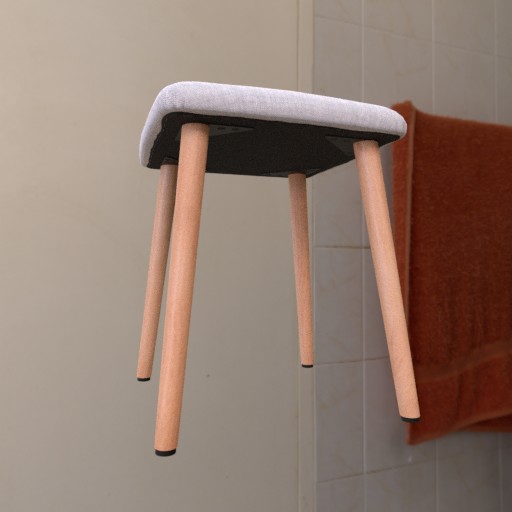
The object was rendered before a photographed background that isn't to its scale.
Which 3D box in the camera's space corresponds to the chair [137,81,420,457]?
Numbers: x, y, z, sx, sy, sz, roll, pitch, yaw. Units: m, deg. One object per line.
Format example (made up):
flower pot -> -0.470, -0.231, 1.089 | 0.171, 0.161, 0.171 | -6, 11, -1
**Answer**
chair -> 0.000, 0.000, 0.695 | 0.350, 0.440, 0.350 | 0, -1, -18
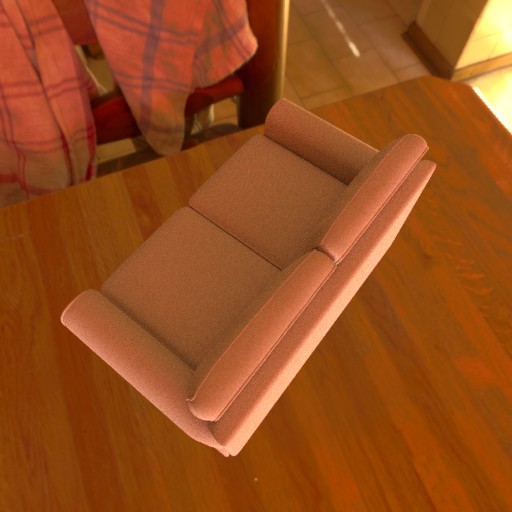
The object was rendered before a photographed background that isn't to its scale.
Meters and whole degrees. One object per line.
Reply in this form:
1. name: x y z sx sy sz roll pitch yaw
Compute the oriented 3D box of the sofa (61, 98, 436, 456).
1. sofa: 0.000 0.000 2.310 0.991 0.940 1.727 35 68 16
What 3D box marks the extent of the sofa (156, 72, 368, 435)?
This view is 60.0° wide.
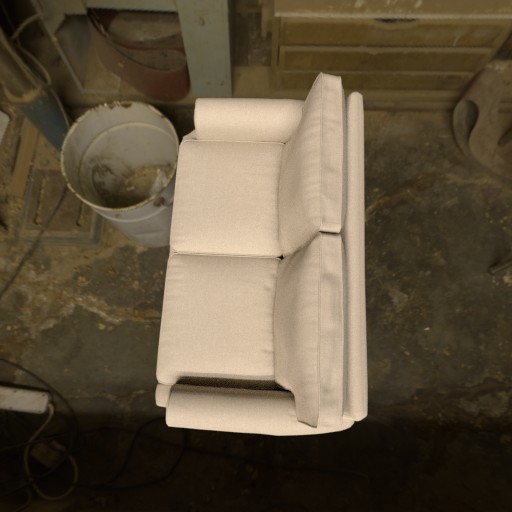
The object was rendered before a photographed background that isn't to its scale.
[{"bbox_3d":[0.000,0.000,2.251,0.964,0.937,1.665,3,75,1],"label":"sofa"}]
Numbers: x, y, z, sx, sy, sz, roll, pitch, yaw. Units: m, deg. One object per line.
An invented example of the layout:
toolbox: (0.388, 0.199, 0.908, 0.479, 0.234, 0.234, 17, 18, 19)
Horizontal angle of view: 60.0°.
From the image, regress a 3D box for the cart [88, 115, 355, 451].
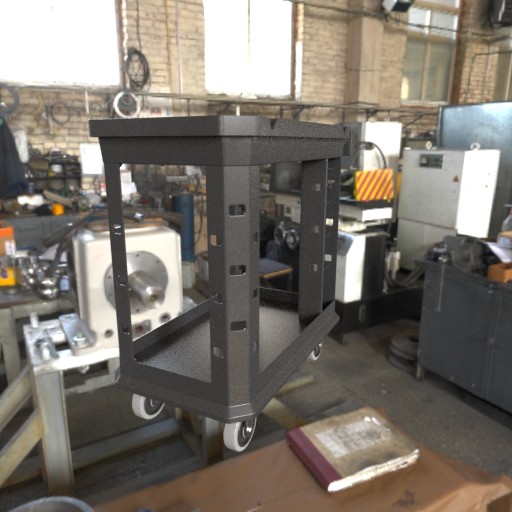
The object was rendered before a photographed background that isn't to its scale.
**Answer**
cart: (0.000, 0.000, 1.564, 0.497, 0.884, 1.061, 7, 16, 26)
———
Write out the lines above from the one with "Reply in this" through the one with "toolbox: (0.388, 0.199, 0.908, 0.479, 0.234, 0.234, 17, 18, 19)", ends included, exactly; no picture goes in.

Reply in this form:
1. name: x y z sx sy sz roll pitch yaw
Compute the oriented 3D box of the sofa (61, 98, 436, 456).
1. sofa: 0.000 0.000 2.310 0.991 0.940 1.727 35 68 16
What 3D box marks the extent of the sofa (156, 72, 368, 435)?
This view is 60.0° wide.
The object was rendered before a photographed background that isn't to its scale.
[{"bbox_3d":[0.000,0.000,2.251,0.964,0.937,1.665,3,75,1],"label":"sofa"}]
Numbers: x, y, z, sx, sy, sz, roll, pitch, yaw. Units: m, deg. One object per line.
An invented example of the layout:
toolbox: (0.388, 0.199, 0.908, 0.479, 0.234, 0.234, 17, 18, 19)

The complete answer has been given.